» **Exercise brief**: Each line in the entries below that holds the word "degrees" belongs in the answer.

(Extracted records)
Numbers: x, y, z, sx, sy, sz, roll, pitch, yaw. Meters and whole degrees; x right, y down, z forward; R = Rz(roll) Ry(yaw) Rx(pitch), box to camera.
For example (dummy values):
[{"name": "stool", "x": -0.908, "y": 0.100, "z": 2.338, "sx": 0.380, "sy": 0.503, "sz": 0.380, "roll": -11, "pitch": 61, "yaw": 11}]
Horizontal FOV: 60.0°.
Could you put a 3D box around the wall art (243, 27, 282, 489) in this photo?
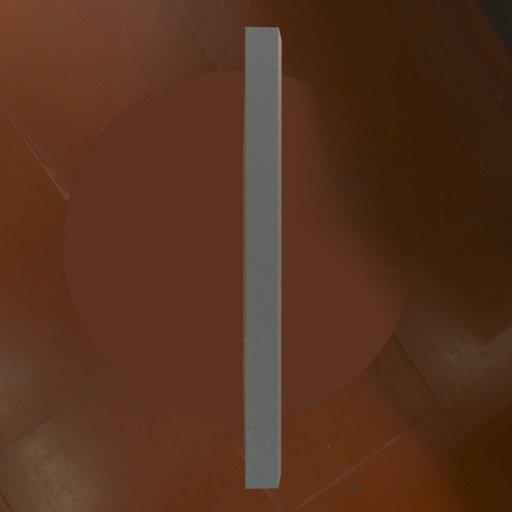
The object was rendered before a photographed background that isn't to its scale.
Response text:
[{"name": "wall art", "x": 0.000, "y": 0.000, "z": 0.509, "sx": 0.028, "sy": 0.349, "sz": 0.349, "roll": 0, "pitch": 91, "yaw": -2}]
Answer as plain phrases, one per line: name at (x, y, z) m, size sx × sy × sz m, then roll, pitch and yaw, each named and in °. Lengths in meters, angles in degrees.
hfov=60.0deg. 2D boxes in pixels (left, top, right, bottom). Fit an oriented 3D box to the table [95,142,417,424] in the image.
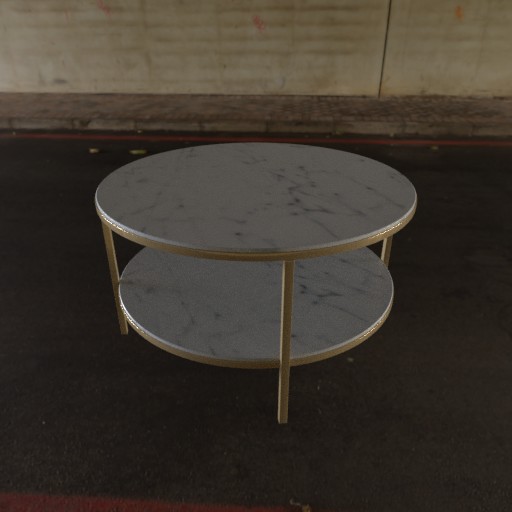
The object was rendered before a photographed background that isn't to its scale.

...

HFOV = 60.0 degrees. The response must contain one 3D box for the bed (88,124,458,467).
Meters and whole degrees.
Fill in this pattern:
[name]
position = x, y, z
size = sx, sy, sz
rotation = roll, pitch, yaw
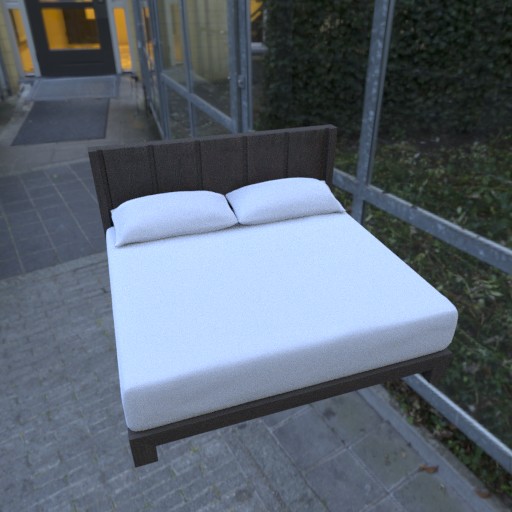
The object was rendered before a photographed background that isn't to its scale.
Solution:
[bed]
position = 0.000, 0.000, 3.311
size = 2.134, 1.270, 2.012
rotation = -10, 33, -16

» **Answer section**:
Numbers: x, y, z, sx, sy, sz, roll, pitch, yaw. Meters and whole degrees; x right, y down, z forward; R = Rz(roll) Ry(yaw) Rx(pitch), box to camera.
Answer as plain phrases, one per line: name at (x, y, z) m, size sx × sy × sz m, then roll, pitch and yaw, each named and in °. Lengths in meters, angles in degrees.
HFOV = 60.0 degrees. The response must contain one 3D box for the bed (88,124,458,467).
Meters and whole degrees.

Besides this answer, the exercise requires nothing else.